Practice: 1, soak the rice for one or two hours before steaming, and the steamed rice is moderate in hardness. 2. Wait until the rice temperature is slightly lower than the hand temperature, and then spread it on seaweed. 3. The process of laying rice should be completed as soon as possible, otherwise the laver will become soft and unable to form because of excessive water absorption. 4. When wrapping, the rice should not be exposed, and the tightness should be moderate. 5. In the process of making sushi, you can put a pot of water around you, and it will not stick to your hands at any time. 6. Spread the laver flat on the unfolded bamboo curtain, hold the rice in your hand and knead it, quickly spread the rice evenly on the laver (the thickness of the rice is about 0.5cm), press the porcelain, and hollow out the upper part of the laver about 2cm. Then put the cooked crab meat, Japanese radish kimchi, asparagus and salmon strips in the center of the rice. 7. Wrap the laver and rice with a bamboo curtain, and then remove the bamboo curtain. 8. Cut the rolled sushi into sections and plate it. Porphyra kimbap material: 200g of rice (steamed) and 50g of dried laver.
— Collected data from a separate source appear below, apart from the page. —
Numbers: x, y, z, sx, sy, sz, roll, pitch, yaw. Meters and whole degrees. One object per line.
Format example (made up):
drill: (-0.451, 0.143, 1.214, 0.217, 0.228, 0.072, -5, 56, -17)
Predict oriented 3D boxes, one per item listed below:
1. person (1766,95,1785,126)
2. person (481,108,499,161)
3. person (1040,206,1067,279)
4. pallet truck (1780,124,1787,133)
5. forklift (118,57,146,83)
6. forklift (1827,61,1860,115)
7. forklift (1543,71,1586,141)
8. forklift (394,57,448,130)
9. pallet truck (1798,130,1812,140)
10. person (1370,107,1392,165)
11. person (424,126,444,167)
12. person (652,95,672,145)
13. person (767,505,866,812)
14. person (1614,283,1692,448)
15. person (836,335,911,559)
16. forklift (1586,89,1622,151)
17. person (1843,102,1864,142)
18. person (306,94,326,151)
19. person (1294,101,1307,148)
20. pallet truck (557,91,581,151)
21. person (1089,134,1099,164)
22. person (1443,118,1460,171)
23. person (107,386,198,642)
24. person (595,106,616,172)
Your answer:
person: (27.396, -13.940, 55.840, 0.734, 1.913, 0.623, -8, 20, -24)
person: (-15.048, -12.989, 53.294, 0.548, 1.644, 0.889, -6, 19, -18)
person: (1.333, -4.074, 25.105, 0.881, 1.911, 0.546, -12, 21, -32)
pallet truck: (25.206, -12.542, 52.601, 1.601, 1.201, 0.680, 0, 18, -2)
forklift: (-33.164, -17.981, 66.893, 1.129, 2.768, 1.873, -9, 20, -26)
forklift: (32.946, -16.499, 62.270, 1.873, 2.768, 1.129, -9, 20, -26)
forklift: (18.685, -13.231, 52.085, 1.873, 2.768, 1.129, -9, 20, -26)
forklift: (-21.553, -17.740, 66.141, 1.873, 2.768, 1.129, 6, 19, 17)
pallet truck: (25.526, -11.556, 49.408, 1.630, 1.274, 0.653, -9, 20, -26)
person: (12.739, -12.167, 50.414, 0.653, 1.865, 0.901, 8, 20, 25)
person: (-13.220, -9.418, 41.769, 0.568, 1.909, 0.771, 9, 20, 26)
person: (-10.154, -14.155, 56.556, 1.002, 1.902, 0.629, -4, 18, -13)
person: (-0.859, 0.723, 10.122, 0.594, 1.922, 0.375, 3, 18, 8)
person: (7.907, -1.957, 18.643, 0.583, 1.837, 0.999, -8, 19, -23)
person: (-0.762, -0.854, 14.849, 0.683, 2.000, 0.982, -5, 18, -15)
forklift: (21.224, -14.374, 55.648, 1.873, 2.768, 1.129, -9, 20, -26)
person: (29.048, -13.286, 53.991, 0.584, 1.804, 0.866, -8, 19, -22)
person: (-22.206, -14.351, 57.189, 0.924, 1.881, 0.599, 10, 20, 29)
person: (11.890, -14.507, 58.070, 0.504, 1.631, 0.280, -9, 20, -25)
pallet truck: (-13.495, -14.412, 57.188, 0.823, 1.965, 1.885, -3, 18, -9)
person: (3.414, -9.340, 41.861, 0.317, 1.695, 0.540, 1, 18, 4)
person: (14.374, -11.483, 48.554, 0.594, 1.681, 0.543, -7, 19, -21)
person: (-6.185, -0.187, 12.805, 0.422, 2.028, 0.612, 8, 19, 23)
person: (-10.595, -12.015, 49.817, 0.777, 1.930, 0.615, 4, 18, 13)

Egg 150g carrot 100g ham sausage 100g spinach 100g pork floss 50g practice: 1. First, put salt, white sesame seeds and sesame oil into warm rice, stir them evenly by hand and set aside to dry;
2. After the eggs are scattered, add a little salt to taste, fry them into egg skins and cut them into strips;
3. Cut the ham and carrot into long strips, put them in a hot oil pan, fry until they are soft, and take them out for later use;
4. Take out two pieces of laver, spread it out, pour rice on it, spread it out by hand, and cover every corner of three quarters of laver;
5. Then put egg strips, carrot strips, ham strips, spinach, pork floss, etc. Once;
6. Roll up the purple cabbage, and be sure to roll it tightly;
7. Finally, cut the rolled kimbap into small pieces of 1.5cm with a knife.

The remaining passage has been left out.